(Recorded data)
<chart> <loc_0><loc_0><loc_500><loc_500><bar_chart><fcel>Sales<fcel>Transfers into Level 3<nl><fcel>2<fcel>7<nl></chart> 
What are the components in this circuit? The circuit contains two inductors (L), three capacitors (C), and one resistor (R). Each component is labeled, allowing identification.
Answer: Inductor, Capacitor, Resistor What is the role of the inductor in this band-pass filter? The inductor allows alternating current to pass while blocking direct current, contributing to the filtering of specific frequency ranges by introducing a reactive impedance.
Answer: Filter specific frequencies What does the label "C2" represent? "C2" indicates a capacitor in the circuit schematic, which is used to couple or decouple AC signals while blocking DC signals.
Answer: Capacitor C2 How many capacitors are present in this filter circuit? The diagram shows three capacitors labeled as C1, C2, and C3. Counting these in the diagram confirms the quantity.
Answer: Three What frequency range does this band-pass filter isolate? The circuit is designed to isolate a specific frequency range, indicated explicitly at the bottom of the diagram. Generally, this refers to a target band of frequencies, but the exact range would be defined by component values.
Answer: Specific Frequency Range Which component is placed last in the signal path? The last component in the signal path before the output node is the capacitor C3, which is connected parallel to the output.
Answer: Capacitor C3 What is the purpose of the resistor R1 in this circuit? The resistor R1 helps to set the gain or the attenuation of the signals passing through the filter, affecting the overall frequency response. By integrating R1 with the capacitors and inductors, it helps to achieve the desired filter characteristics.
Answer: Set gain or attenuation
...
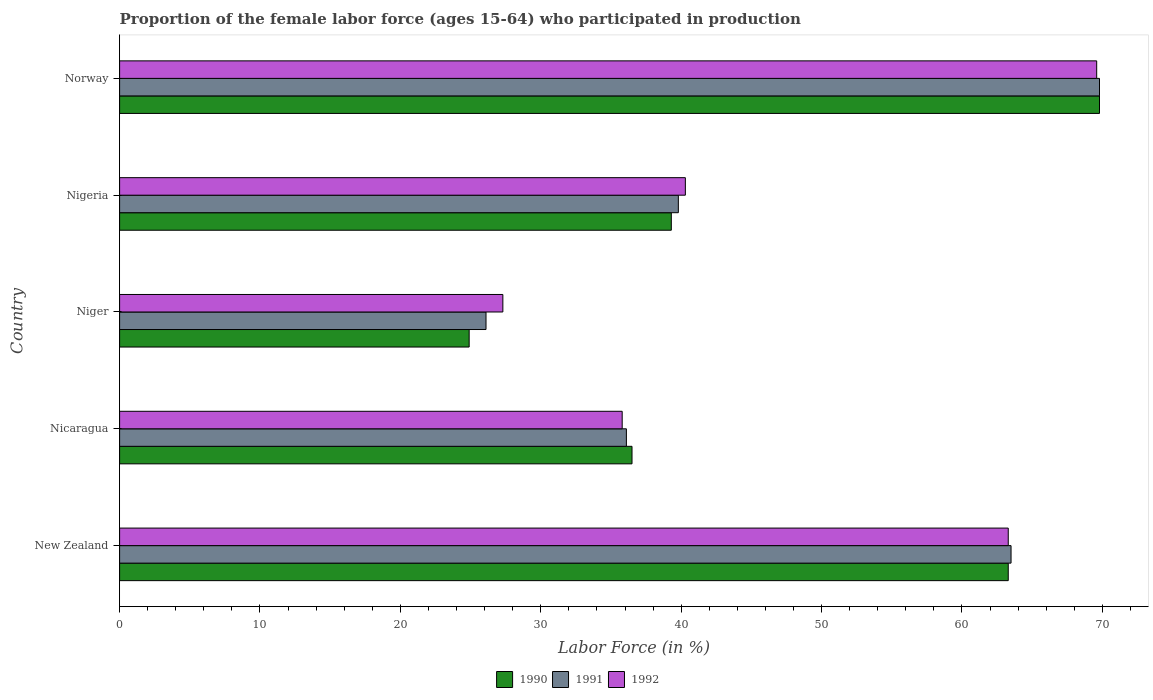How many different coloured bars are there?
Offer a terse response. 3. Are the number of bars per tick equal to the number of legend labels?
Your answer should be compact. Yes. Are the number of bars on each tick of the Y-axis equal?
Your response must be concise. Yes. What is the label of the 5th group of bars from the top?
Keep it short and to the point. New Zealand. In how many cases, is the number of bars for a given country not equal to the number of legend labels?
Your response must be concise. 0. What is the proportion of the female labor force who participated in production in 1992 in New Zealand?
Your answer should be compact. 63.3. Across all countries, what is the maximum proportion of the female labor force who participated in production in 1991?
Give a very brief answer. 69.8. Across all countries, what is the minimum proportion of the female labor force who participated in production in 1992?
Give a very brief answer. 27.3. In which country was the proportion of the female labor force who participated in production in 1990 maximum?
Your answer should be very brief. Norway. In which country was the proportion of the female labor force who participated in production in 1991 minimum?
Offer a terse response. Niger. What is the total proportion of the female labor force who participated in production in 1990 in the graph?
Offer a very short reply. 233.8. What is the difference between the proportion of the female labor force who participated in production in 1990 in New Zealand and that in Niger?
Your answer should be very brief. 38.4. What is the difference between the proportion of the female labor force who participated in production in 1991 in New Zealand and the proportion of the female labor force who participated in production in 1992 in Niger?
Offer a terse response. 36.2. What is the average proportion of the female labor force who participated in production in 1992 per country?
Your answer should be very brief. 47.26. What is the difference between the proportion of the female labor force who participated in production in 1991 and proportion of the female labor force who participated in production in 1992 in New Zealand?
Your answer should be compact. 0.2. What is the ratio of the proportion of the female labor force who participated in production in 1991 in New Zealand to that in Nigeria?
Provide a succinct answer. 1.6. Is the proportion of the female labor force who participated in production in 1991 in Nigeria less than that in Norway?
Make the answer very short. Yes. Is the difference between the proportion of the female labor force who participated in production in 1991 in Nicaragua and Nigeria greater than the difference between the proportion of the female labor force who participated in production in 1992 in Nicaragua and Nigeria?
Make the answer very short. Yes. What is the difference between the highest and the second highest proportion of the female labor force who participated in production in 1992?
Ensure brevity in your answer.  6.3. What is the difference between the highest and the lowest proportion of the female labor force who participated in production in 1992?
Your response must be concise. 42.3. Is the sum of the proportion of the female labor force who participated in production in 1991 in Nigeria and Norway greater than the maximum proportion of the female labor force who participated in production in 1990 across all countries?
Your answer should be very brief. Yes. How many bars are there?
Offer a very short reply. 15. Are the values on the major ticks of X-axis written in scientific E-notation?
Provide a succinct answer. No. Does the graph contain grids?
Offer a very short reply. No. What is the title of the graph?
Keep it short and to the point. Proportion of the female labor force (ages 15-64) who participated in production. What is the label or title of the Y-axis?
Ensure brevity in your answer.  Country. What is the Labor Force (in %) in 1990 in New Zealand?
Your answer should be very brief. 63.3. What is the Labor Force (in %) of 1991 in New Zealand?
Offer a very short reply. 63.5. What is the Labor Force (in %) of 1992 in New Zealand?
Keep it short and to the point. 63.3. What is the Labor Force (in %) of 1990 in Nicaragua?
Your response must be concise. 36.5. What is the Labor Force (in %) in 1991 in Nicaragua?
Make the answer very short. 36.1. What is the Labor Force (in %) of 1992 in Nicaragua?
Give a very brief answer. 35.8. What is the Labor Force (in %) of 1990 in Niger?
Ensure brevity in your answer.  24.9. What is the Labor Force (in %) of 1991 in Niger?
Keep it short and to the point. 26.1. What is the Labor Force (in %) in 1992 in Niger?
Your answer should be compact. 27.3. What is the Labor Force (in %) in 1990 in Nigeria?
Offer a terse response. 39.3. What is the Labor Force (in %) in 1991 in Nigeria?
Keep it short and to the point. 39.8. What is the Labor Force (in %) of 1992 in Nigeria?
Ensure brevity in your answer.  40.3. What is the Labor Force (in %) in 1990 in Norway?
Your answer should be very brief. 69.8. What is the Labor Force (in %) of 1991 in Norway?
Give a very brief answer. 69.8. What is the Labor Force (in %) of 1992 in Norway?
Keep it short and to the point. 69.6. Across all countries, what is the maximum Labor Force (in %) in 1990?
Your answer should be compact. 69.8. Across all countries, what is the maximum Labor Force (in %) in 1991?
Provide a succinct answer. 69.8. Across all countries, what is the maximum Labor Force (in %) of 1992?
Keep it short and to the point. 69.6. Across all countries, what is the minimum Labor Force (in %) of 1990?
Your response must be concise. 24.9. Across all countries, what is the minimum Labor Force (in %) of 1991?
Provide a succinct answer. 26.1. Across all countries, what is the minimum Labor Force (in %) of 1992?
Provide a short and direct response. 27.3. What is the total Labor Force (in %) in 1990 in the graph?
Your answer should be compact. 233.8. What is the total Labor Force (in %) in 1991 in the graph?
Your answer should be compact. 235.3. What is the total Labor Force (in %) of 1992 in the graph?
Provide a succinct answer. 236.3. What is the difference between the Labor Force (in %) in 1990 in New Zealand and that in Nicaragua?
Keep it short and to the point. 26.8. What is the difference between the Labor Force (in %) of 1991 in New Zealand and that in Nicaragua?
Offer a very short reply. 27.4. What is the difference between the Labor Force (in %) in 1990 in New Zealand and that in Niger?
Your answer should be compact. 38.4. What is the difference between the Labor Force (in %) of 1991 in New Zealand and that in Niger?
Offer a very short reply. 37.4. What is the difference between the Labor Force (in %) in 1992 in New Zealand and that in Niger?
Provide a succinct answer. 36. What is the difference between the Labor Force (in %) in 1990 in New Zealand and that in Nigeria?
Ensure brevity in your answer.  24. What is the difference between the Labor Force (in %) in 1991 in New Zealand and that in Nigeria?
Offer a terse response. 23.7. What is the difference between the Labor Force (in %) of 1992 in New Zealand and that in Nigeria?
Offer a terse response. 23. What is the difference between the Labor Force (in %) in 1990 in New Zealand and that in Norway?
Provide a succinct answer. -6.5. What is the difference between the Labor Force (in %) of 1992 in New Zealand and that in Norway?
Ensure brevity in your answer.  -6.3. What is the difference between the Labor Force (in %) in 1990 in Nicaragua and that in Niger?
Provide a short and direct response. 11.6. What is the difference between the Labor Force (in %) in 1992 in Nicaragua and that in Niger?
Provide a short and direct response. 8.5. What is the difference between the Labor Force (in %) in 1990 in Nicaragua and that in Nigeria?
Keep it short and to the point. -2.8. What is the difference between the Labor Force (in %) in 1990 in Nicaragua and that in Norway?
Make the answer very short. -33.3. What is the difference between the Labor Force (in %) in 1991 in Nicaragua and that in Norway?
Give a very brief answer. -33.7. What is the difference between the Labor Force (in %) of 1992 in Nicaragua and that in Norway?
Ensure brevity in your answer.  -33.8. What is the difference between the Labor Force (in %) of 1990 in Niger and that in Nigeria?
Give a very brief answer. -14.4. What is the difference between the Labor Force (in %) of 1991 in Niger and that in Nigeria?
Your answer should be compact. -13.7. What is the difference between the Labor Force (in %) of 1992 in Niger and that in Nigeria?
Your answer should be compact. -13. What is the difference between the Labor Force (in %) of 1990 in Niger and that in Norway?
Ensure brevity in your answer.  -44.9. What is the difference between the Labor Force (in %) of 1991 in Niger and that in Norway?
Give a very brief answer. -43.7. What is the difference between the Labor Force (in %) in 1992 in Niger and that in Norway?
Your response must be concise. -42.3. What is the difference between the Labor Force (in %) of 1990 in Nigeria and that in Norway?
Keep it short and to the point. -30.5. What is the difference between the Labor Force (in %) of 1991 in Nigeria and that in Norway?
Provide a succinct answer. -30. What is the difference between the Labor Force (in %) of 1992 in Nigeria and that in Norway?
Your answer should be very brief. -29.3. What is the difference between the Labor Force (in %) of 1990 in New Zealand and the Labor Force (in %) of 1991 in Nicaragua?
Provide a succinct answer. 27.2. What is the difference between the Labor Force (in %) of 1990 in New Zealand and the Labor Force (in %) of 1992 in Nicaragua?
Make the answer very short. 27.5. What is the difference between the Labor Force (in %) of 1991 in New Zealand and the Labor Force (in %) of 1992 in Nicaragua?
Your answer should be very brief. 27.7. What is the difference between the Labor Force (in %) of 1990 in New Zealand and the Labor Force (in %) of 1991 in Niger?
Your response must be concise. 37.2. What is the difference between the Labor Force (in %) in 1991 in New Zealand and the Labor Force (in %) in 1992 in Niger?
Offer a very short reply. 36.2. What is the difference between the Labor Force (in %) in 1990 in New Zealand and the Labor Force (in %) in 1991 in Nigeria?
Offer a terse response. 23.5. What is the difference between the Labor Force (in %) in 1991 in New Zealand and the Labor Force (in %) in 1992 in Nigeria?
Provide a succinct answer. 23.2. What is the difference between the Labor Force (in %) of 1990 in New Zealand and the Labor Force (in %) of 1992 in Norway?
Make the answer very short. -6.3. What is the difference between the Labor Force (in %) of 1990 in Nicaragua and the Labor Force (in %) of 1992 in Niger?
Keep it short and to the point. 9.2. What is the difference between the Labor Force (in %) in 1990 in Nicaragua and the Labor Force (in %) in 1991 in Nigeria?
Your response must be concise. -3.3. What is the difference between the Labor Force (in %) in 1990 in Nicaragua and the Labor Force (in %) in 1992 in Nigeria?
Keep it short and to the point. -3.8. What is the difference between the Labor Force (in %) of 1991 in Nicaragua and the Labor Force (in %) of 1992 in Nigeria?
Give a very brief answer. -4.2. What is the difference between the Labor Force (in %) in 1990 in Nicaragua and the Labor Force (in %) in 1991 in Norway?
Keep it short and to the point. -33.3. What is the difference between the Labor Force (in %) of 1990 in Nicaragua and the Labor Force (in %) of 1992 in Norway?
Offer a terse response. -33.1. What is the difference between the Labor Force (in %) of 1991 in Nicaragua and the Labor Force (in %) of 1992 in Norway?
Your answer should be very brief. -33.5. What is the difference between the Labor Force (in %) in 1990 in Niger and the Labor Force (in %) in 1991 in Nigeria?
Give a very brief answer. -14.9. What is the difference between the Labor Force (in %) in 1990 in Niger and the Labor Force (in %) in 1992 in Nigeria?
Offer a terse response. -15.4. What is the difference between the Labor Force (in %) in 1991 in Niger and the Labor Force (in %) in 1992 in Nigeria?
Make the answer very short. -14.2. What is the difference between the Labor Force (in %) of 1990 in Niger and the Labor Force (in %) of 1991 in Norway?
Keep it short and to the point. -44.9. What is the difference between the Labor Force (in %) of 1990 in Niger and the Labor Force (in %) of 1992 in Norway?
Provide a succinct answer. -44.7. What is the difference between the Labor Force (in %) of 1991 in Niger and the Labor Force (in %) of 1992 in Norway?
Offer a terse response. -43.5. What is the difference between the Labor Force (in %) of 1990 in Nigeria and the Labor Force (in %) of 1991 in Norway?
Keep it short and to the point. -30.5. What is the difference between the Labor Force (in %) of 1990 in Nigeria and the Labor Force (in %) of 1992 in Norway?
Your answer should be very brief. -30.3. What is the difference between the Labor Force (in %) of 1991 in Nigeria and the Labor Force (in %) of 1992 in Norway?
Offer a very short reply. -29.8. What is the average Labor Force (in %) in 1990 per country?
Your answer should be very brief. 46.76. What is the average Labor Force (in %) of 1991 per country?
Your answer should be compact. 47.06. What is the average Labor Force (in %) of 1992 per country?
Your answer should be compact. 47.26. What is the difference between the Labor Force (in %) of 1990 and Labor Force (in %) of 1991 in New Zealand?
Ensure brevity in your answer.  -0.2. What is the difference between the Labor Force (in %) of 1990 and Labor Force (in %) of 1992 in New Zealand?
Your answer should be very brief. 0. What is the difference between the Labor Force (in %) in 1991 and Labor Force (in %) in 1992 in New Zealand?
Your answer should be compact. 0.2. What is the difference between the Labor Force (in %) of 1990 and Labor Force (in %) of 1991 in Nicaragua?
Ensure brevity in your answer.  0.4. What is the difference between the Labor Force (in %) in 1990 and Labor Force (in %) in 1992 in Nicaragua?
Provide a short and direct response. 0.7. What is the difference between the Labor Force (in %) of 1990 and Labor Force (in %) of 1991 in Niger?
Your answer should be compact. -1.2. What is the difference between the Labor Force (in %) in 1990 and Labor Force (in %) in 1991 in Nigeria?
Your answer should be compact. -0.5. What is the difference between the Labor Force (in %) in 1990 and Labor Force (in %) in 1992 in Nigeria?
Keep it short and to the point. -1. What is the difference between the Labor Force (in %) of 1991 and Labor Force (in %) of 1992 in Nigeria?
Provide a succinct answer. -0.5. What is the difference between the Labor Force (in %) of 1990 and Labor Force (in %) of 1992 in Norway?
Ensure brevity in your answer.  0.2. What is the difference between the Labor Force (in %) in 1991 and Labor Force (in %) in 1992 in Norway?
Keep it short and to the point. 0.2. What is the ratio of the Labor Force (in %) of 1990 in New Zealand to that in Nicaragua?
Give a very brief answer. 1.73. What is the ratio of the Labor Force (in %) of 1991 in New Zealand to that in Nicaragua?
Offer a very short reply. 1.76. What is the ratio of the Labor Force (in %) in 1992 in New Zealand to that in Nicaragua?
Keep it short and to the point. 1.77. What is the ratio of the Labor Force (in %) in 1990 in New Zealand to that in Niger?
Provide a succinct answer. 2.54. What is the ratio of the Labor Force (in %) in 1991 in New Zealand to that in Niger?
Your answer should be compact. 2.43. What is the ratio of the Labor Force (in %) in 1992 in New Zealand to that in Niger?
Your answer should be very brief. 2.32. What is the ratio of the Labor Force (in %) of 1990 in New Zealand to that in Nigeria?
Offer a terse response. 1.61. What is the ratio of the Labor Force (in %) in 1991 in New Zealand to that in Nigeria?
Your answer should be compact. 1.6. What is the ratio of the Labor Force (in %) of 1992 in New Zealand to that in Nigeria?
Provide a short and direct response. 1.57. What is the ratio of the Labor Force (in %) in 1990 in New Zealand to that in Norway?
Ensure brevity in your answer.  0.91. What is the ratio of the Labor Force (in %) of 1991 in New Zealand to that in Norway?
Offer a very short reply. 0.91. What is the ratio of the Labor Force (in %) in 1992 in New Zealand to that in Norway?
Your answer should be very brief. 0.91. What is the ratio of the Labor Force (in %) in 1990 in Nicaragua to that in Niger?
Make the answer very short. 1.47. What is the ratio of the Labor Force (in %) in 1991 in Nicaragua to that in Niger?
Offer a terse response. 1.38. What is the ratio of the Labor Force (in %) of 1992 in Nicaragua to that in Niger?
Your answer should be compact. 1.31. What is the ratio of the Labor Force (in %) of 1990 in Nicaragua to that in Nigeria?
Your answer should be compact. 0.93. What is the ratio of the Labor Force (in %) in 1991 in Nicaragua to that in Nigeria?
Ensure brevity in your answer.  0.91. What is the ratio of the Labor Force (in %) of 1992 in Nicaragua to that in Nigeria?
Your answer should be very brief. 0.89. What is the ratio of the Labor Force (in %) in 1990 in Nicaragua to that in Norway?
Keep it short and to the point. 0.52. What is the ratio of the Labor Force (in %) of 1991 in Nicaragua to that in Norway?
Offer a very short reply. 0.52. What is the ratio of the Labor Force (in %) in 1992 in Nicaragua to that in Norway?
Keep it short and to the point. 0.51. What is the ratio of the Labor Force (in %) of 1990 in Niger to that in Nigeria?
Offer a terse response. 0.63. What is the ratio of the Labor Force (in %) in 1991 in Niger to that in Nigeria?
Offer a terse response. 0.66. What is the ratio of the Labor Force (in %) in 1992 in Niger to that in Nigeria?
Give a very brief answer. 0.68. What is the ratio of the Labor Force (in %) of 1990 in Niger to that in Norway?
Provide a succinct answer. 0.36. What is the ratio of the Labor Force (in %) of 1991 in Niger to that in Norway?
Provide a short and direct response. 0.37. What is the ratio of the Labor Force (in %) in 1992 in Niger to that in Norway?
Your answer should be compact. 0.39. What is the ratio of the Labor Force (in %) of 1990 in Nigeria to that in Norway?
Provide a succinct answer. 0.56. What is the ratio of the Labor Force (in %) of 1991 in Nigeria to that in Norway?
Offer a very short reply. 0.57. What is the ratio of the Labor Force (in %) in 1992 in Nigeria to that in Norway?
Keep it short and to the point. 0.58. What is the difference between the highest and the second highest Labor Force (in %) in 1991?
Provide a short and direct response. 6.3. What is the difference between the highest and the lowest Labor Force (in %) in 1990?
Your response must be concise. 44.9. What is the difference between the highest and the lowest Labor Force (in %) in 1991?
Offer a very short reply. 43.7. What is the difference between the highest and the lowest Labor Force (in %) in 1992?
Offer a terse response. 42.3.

* REQUIRED ACTION *
Only the lines above from the line with "Provide a short and direct response. 6.3." to the line with "Your response must be concise. 44.9.", those two lines included, should be reproduced exactly.

* WRITTEN ANSWER *
Provide a short and direct response. 6.3. What is the difference between the highest and the lowest Labor Force (in %) in 1990?
Your response must be concise. 44.9. What is the difference between the highest and the lowest Labor Force (in %) in 1991?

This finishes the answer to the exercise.